Perth is seeing strong demand in affordable areas – Image: Unsplash.
  • Smaller capitals providing strong opportunities for investors
  • Markets are broadly starting to recover
  • Tight supply helping to keep prices elevated

Perth, Adelaide, and Hobart have the strongest property markets with rising sales suggesting prices could be on the rise.

According to the Hotspotting Price Predictor Index (PPI) for Winter 2023, currently, there are several areas across Australia where sales activity is weak, but prices remain strong because there is a shortage of listings of properties for sale.

Hotspotting Director Terry Ryder said areas within the smaller capital cities markets are showing a combination of higher demand and tight supply, making them ripe for growth.

“Jurisdictions where there is growing evidence of recovery in activity include Hobart, Sydney, some sectors of Melbourne, and the regional markets in NSW, Victoria, WA – where the key market of Mandurah has made a resurgence – South Australia and Tasmania,” said Ryder.

“Western Australia, South Australia, and Tasmania – headed by their capital cities Perth, Adelaide, and Hobart – are the jurisdictions with the strongest market pulses.”

Ryder said across the busiest markets of Perth and Adelaide the strongest sections are the cheaper areas, as these are cities where affordability is one of the key attractions for both homebuyers and investors.

“In Melbourne and Sydney, we’re seeing very different trends. In the biggest cities, the strongest markets tend to be the more expensive areas where interest rate levels are less impactful because there are many cash buyers, while the cheaper outer-ring precincts are struggling.”

According to Ryder, Gosnells in Western Australia is a standout location because of its low price point and strong sales activity.

Hotspotting General Manager Tim Graham said while it may not be fashionable, the City of Gosnells is a standout for attracting strong buyer demand – because it offers affordability in an area with good amenities.

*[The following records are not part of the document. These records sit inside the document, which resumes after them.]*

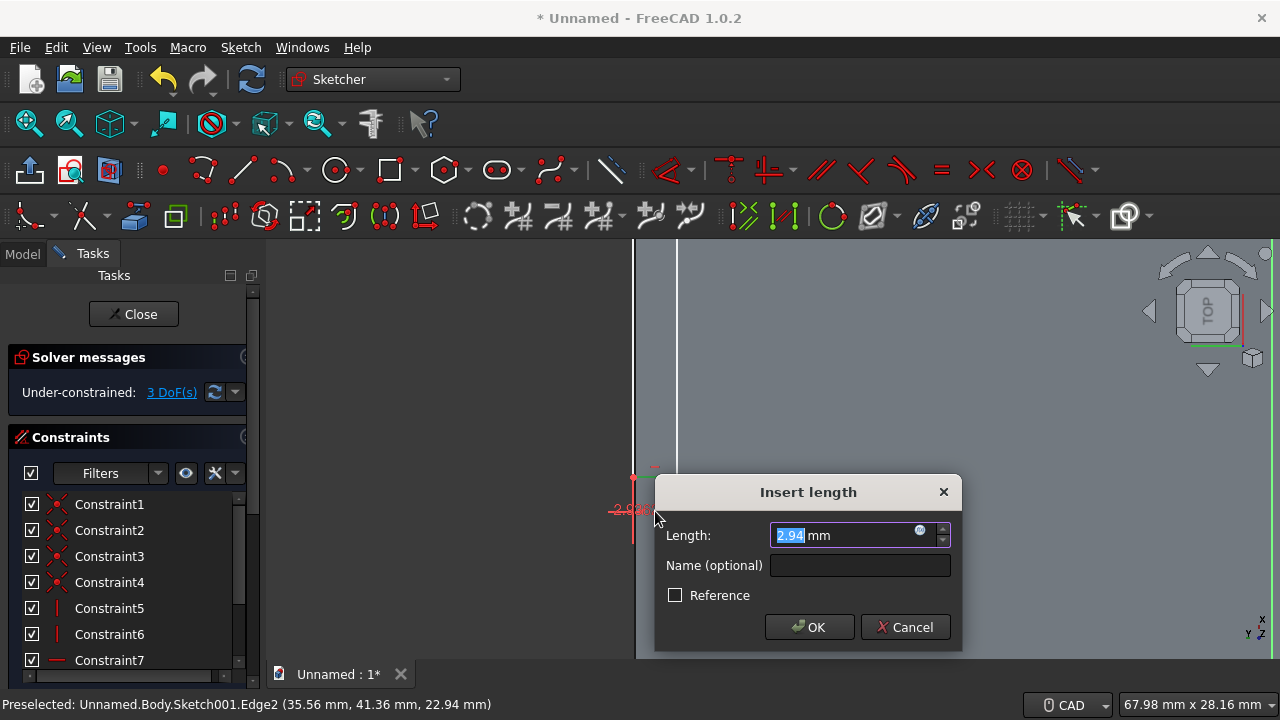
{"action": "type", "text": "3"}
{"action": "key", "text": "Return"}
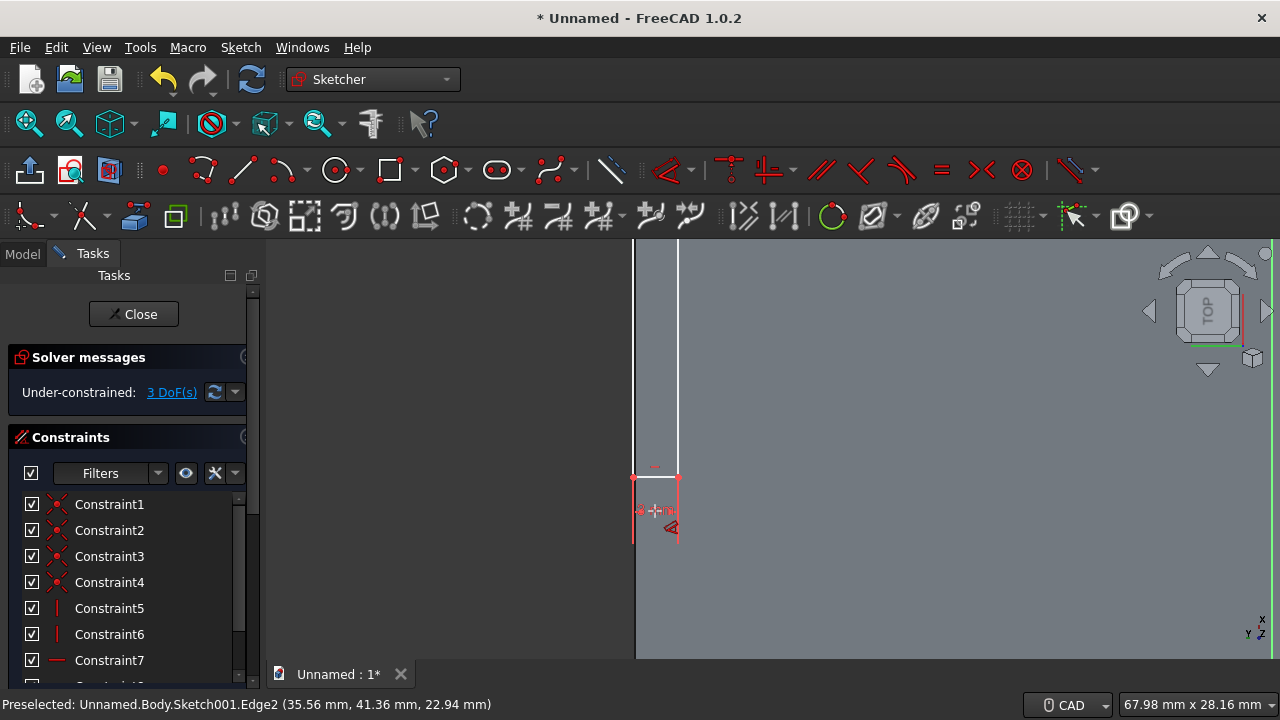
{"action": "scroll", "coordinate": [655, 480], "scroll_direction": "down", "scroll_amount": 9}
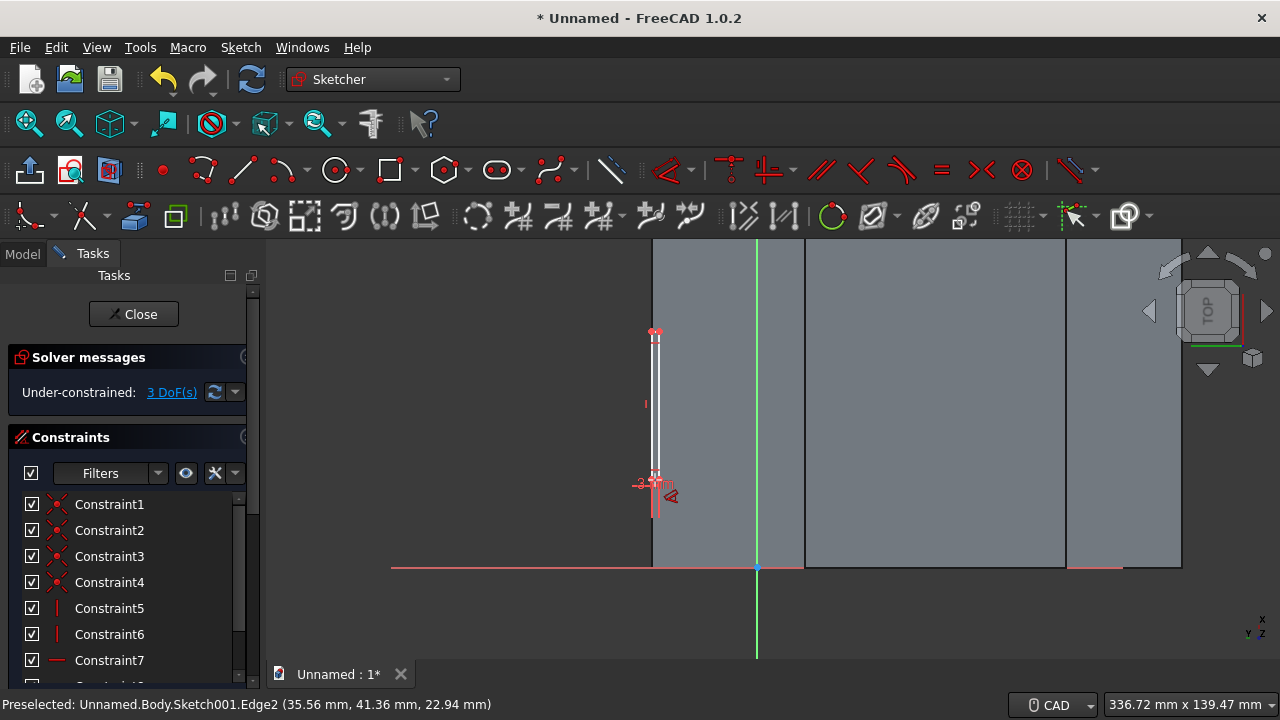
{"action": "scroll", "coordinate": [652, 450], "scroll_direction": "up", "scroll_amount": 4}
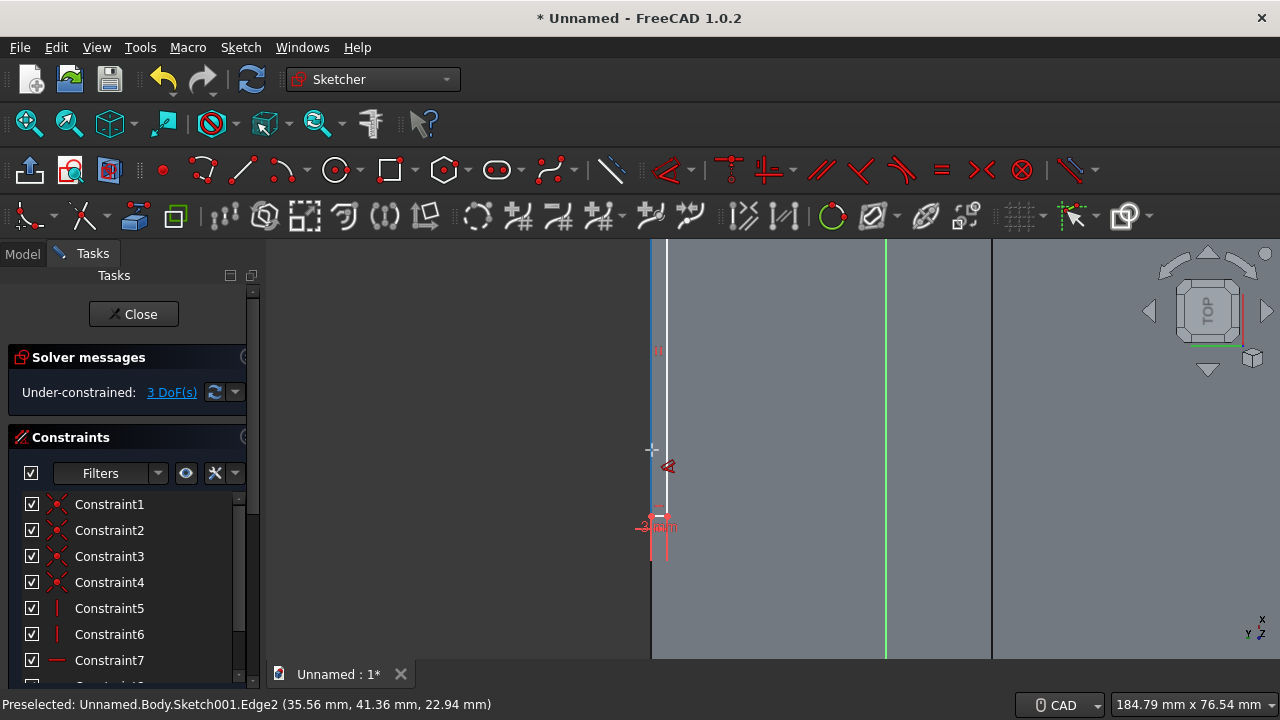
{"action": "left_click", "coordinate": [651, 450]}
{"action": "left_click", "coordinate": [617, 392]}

“In simple terms, it’s what the mainstream buyer is looking for, whether they’re home-buyers or investors,” said Graham.

“Of the nine Gosnells suburbs in our analysis, eight have positive rankings – four rising, three consistency and one recovering markets.

“Most of these locations have median house prices in the $300,000s and $400,000s, providing a level of affordability that Melbourne and Sydney residents can only dream about – and it’s attracting investors from the eastern states in large numbers, too.”

Gosnells, Western Australia

Ryder said the nation’s most consistent market is Nairne in South Australia with a median house price of $580,000.

He said Nairne, in the Mount Barker region of the Adelaide Hills, has been making between 30 and 39 house sales per quarter since 2016.

“Nairne’s median house price also rose 24 per cent in the 12 months to April 2023, including 4.5 per cent in the most recent quarter.

“Its long-term capital growth rate is also nine per cent per year.”

Nairne, South Australia

According to the report, other locations where there is strong growth potential include, Canning and Mandurah in WA, Gladstone in QLD, Greater Geelong and Melbourne City in Victoria, Sydney City in NSW and Kingborough in Tasmania.

Markets recovering

Graham said recovery is emerging as a dominant theme in the latest analysis of markets across Australia.

He said although locations with negative rankings still outnumber those with positive ones, the gap has closed, with the number of plateau markets reducing and the number of consistency and recovering locations rising.

Ryder said that there is growing evidence of the emerging trend of more and more buyers opting for apartments in desirable areas.

“This survey continues to show that suburbs in the inner-city areas of Melbourne and Sydney have maintained good sales activity.”

“We rate the City of Melbourne as the strongest market in Greater Melbourne and the City of Sydney has the busiest in Greater Sydney.”

“This pattern is also evident in some parts of the Regional NSW market, with prices stronger for units than for houses in the same locations, and also in inner Hobart.”

Top end rising

Graham said in Perth and Adelaide, the strongest sections of those markets are the cheaper areas, as these are cities where affordability is one of the key attractions for both homebuyers and investors.

“In Melbourne and Sydney, we’re seeing very different trends.

“In the biggest cities, the strongest markets tend to be the more expensive areas where interest rate levels are less impactful because there are many cash buyers, while the cheaper outer-ring precincts are struggling.”

He said many of the outer-ring municipalities of Greater Melbourne – including Casey, Frankston, Whittlesea, and Wyndham – are dominated by declining markets with locations where quarterly sales activity is trending sharply downwards.

“Even in these outer areas, it’s difficult to find houses as low as $600,000 and higher interest rates are compounding the lack of affordability.”